TERCERO.- Por providencia de esta Sección, de 1 de marzo de 2004, se acordó que no era necesaria la celebración de vista pública, señalándose para deliberación, votación y fallo el día 17 de mayo de 2004.

CUARTO.- En la tramitación del presente procedimiento han sido observadas en ambas instancias las prescripciones legales.


FALLO


Que desestimando el recurso de apelación interpuesto por Majacebe s.a. y estimando en parte el recurso de apelación interpuesto por don Armando debemos revocar y revocamos la sentencia dictada el día 31 de diciembre de 2001 por el Magistrado-Juez titular del Juzgado de Primera Instancia número 63 de Madrid en el juicio ordinario número 257/2001 del que la presente apelación dimana y, en su lugar, desestimando totalmente la demanda presentada por Majacebe s.a. debemos absolver y absolvemos libremente a don Armando y estimando en parte la reconvención deducida por don Armando debemos declarar y declaramos que el contrato de arrendamiento de las instalaciones, obra civil, maquinaria, enseres y decoración del local número NUM001 posterior de la CALLE000 de Madrid subarrendado el día 1 de abril de 1989 y el contrato de arrendamiento de las instalaciones, obra civil, maquinaria, enseres y decoración del local número NUM000 posterior de la CALLE000 de Madrid subarrendado el día 1 de mayo de 1989 carecen de cláusula de actualización de la renta pactada; Asimismo el contrato de arrendamiento de las instalaciones, obra civil, maquinaria, enseres y decoración del local número NUM001 posterior de la CALLE000 de Madrid subarrendado el día 1 de abril de 1989 carece de pacto sobre el interés de demora; Se desestiman todas las demás pretensiones deducidas ala reconvención de las que se absuelve al demandante.

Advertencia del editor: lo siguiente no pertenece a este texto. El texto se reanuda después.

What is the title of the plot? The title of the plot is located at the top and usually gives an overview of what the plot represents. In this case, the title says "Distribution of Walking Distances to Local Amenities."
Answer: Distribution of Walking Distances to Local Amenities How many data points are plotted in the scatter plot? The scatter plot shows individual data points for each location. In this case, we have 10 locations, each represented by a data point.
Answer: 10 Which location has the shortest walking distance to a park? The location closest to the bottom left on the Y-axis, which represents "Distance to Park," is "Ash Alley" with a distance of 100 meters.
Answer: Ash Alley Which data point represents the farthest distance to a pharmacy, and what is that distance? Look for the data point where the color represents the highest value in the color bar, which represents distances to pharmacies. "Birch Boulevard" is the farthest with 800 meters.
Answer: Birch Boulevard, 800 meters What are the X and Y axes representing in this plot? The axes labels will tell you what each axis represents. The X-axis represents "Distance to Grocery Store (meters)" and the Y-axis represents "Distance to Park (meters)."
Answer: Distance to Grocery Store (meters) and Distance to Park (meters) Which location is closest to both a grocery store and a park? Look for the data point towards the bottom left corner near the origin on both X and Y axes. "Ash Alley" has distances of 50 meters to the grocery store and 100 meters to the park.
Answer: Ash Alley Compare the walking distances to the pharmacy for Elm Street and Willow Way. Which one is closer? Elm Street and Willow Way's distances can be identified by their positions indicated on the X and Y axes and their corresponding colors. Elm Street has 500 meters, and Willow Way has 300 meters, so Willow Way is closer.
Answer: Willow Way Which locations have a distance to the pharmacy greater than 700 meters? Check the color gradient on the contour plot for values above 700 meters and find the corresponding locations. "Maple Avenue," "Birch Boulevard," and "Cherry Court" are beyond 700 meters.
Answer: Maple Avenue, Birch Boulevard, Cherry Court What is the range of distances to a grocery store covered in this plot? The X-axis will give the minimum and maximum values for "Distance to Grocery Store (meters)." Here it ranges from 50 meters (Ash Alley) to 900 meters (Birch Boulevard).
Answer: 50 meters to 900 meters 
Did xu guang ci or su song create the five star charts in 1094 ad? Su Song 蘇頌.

Las costas de la primera instancia relativas a la demanda se le imponen a Majacebe s.a. mientras que las relativas a la reconvención deberán ser abonadas por cada parte las causadas a su instancia y las comunes por mitad.

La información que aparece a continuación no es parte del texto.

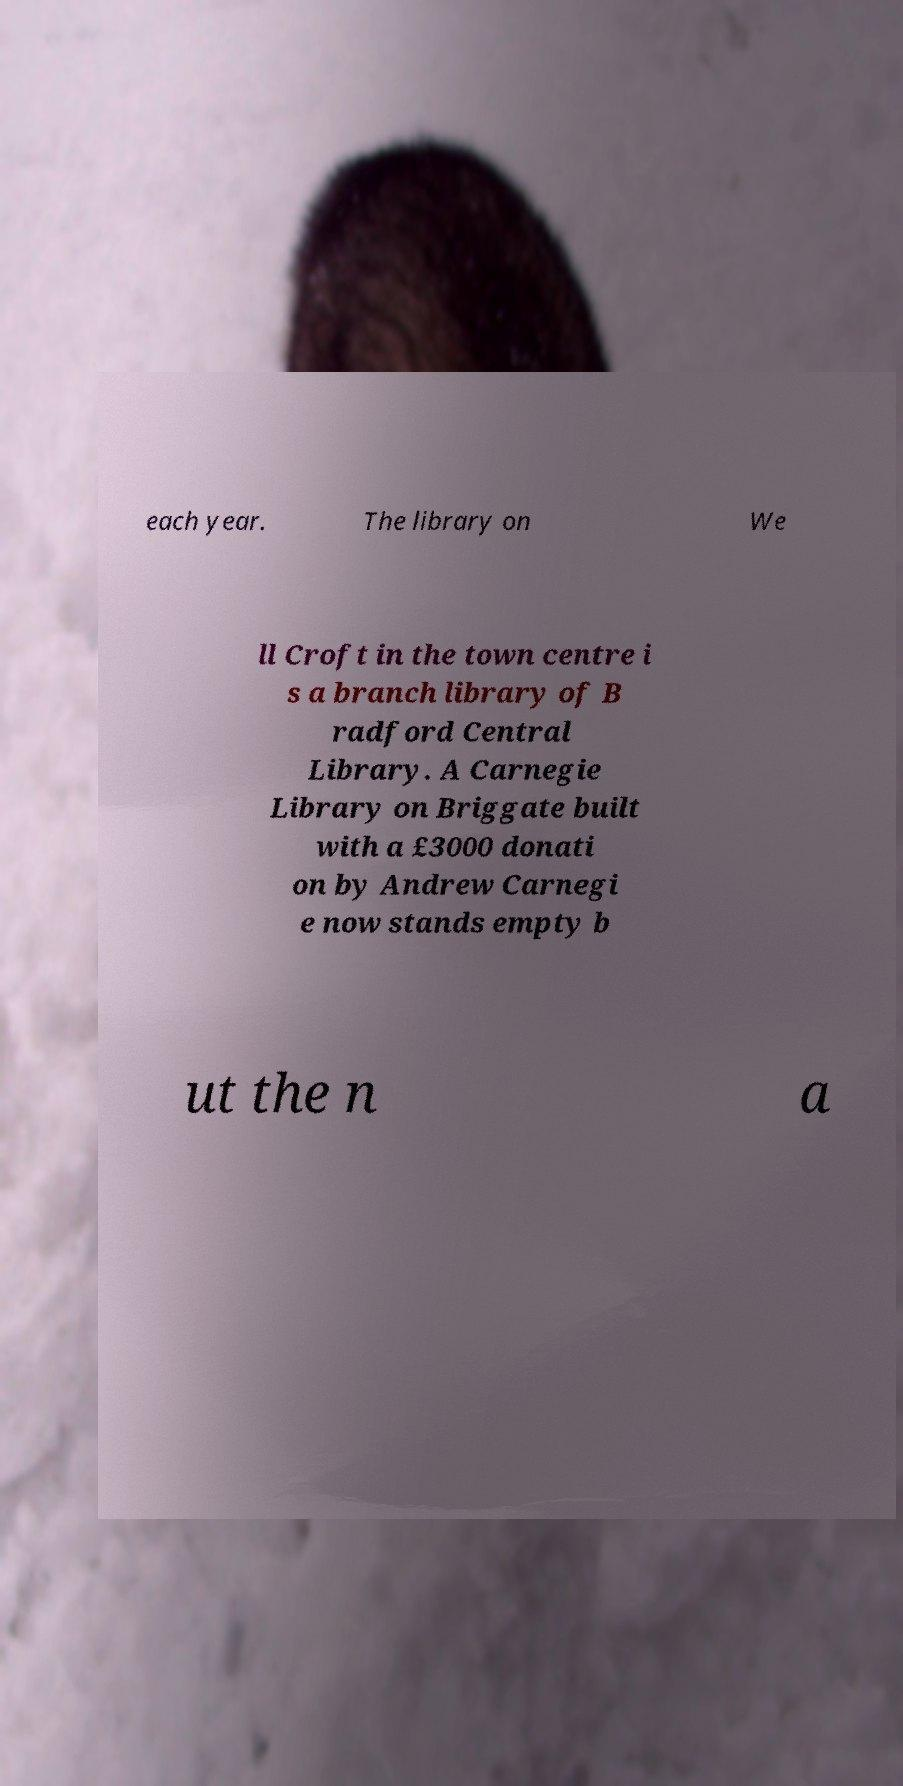Could you extract and type out the text from this image? each year. The library on We ll Croft in the town centre i s a branch library of B radford Central Library. A Carnegie Library on Briggate built with a £3000 donati on by Andrew Carnegi e now stands empty b ut the n a 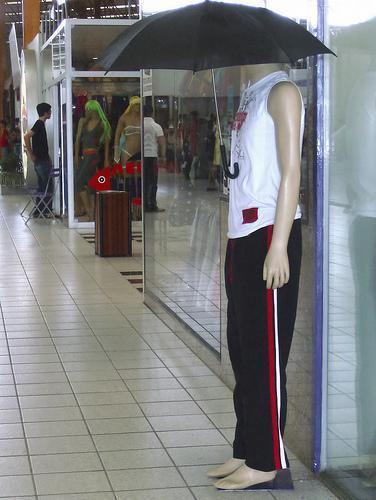How many mannequin heads are visible?
Give a very brief answer. 2. 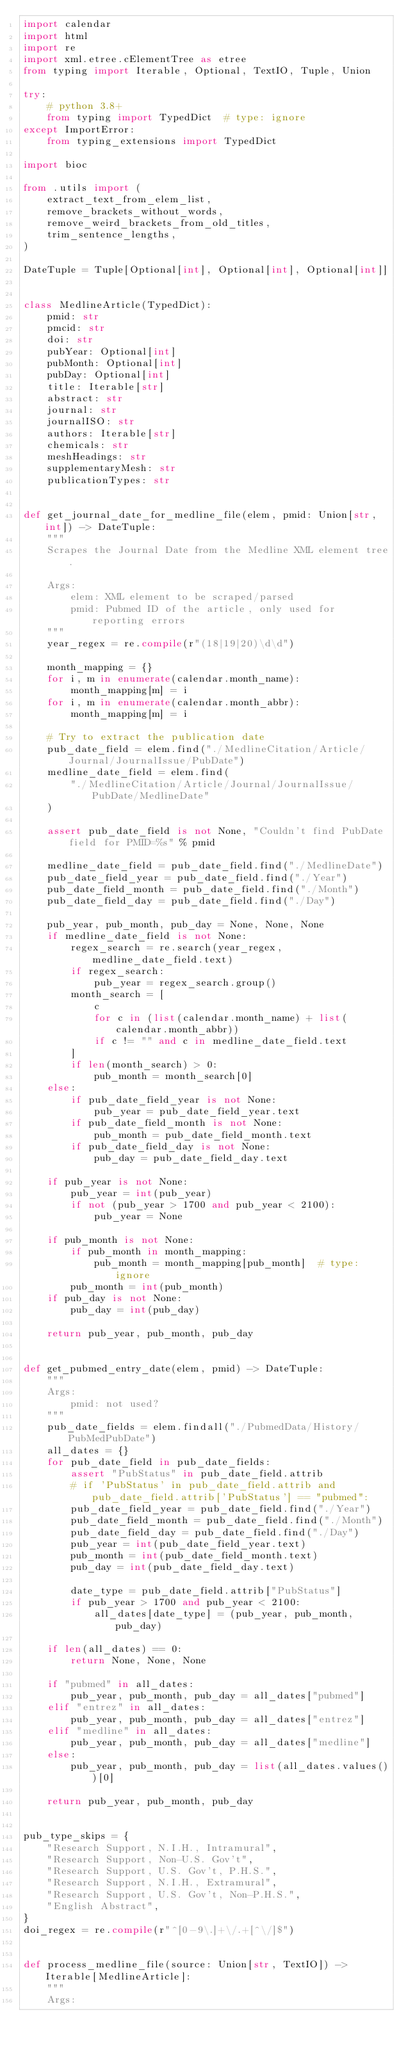<code> <loc_0><loc_0><loc_500><loc_500><_Python_>import calendar
import html
import re
import xml.etree.cElementTree as etree
from typing import Iterable, Optional, TextIO, Tuple, Union

try:
    # python 3.8+
    from typing import TypedDict  # type: ignore
except ImportError:
    from typing_extensions import TypedDict

import bioc

from .utils import (
    extract_text_from_elem_list,
    remove_brackets_without_words,
    remove_weird_brackets_from_old_titles,
    trim_sentence_lengths,
)

DateTuple = Tuple[Optional[int], Optional[int], Optional[int]]


class MedlineArticle(TypedDict):
    pmid: str
    pmcid: str
    doi: str
    pubYear: Optional[int]
    pubMonth: Optional[int]
    pubDay: Optional[int]
    title: Iterable[str]
    abstract: str
    journal: str
    journalISO: str
    authors: Iterable[str]
    chemicals: str
    meshHeadings: str
    supplementaryMesh: str
    publicationTypes: str


def get_journal_date_for_medline_file(elem, pmid: Union[str, int]) -> DateTuple:
    """
    Scrapes the Journal Date from the Medline XML element tree.

    Args:
        elem: XML element to be scraped/parsed
        pmid: Pubmed ID of the article, only used for reporting errors
    """
    year_regex = re.compile(r"(18|19|20)\d\d")

    month_mapping = {}
    for i, m in enumerate(calendar.month_name):
        month_mapping[m] = i
    for i, m in enumerate(calendar.month_abbr):
        month_mapping[m] = i

    # Try to extract the publication date
    pub_date_field = elem.find("./MedlineCitation/Article/Journal/JournalIssue/PubDate")
    medline_date_field = elem.find(
        "./MedlineCitation/Article/Journal/JournalIssue/PubDate/MedlineDate"
    )

    assert pub_date_field is not None, "Couldn't find PubDate field for PMID=%s" % pmid

    medline_date_field = pub_date_field.find("./MedlineDate")
    pub_date_field_year = pub_date_field.find("./Year")
    pub_date_field_month = pub_date_field.find("./Month")
    pub_date_field_day = pub_date_field.find("./Day")

    pub_year, pub_month, pub_day = None, None, None
    if medline_date_field is not None:
        regex_search = re.search(year_regex, medline_date_field.text)
        if regex_search:
            pub_year = regex_search.group()
        month_search = [
            c
            for c in (list(calendar.month_name) + list(calendar.month_abbr))
            if c != "" and c in medline_date_field.text
        ]
        if len(month_search) > 0:
            pub_month = month_search[0]
    else:
        if pub_date_field_year is not None:
            pub_year = pub_date_field_year.text
        if pub_date_field_month is not None:
            pub_month = pub_date_field_month.text
        if pub_date_field_day is not None:
            pub_day = pub_date_field_day.text

    if pub_year is not None:
        pub_year = int(pub_year)
        if not (pub_year > 1700 and pub_year < 2100):
            pub_year = None

    if pub_month is not None:
        if pub_month in month_mapping:
            pub_month = month_mapping[pub_month]  # type: ignore
        pub_month = int(pub_month)
    if pub_day is not None:
        pub_day = int(pub_day)

    return pub_year, pub_month, pub_day


def get_pubmed_entry_date(elem, pmid) -> DateTuple:
    """
    Args:
        pmid: not used?
    """
    pub_date_fields = elem.findall("./PubmedData/History/PubMedPubDate")
    all_dates = {}
    for pub_date_field in pub_date_fields:
        assert "PubStatus" in pub_date_field.attrib
        # if 'PubStatus' in pub_date_field.attrib and pub_date_field.attrib['PubStatus'] == "pubmed":
        pub_date_field_year = pub_date_field.find("./Year")
        pub_date_field_month = pub_date_field.find("./Month")
        pub_date_field_day = pub_date_field.find("./Day")
        pub_year = int(pub_date_field_year.text)
        pub_month = int(pub_date_field_month.text)
        pub_day = int(pub_date_field_day.text)

        date_type = pub_date_field.attrib["PubStatus"]
        if pub_year > 1700 and pub_year < 2100:
            all_dates[date_type] = (pub_year, pub_month, pub_day)

    if len(all_dates) == 0:
        return None, None, None

    if "pubmed" in all_dates:
        pub_year, pub_month, pub_day = all_dates["pubmed"]
    elif "entrez" in all_dates:
        pub_year, pub_month, pub_day = all_dates["entrez"]
    elif "medline" in all_dates:
        pub_year, pub_month, pub_day = all_dates["medline"]
    else:
        pub_year, pub_month, pub_day = list(all_dates.values())[0]

    return pub_year, pub_month, pub_day


pub_type_skips = {
    "Research Support, N.I.H., Intramural",
    "Research Support, Non-U.S. Gov't",
    "Research Support, U.S. Gov't, P.H.S.",
    "Research Support, N.I.H., Extramural",
    "Research Support, U.S. Gov't, Non-P.H.S.",
    "English Abstract",
}
doi_regex = re.compile(r"^[0-9\.]+\/.+[^\/]$")


def process_medline_file(source: Union[str, TextIO]) -> Iterable[MedlineArticle]:
    """
    Args:</code>

Las costas ocasionadas en esta apelación deberán ser abonadas por cada parte las causadas a su instancia y las comunes por mitad.

Al notificarse la presente sentencia, indíquesele, a las partes litigantes, que, contra la misma, sólo cabe interponer recurso de casación, si la resolución de ese recurso presenta interés casacional, lo que sucederá si, esta sentencia, se opone a doctrina jurisprudencial del Tribunal Supremo o resuelve puntos o cuestiones sobre los que exista jurisprudencia contradictoria de las Audiencias Provinciales o aplica normas que no lleven mas de cinco años en vigor, siempre que, en este último caso, no existiese doctrina jurisprudencial del Tribunal Supremo; De ser así, también podrá interponerse recurso extraordinario por infracción procesal, siempre que se haga en el mismo escrito de preparación e interposición del recurso de casación y no por separado; De este recurso de casación y, en su caso, además, del extraordinario por infracción procesal, conocerá la Sala Primera del Tribunal Supremo y deberá prepararse presentando un escrito, ante esta Sección Vigesimoprimera de la Audiencia Provincial de Madrid, dentro del plazo de cinco días computados desde el día siguiente al de la notificación de esta resolución, en el que se exprese, además de la infracción legal que se considere cometida, las sentencias que pongan de manifiesto la doctrina jurisprudencial o jurisprudencia contradictoria en que se funde el interés casacional que se alegue.

De no presentarse, en el plazo de los cinco días, escrito preparatorio del recurso de casación, por alguna de las partes litigantes, la presente sentencia deviene firme y se devolverán los autos originales, con certificación de esta sentencia, al Juzgado de Primera Instancia número 63 de Madrid, para su ejecución y cumplimiento.

Así por esta nuestra sentencia, de la que se unirá certificación literal al Rollo de Sala, lo pronunciamos, mandamos y firmamos.

PUBLICACIÓN.- Firmada la anterior resolución es entregada en esta Secretaría para su notificación, dándose publicidad en legal forma, y se expide certificación literal de la misma para su unión al rollo. Certifico.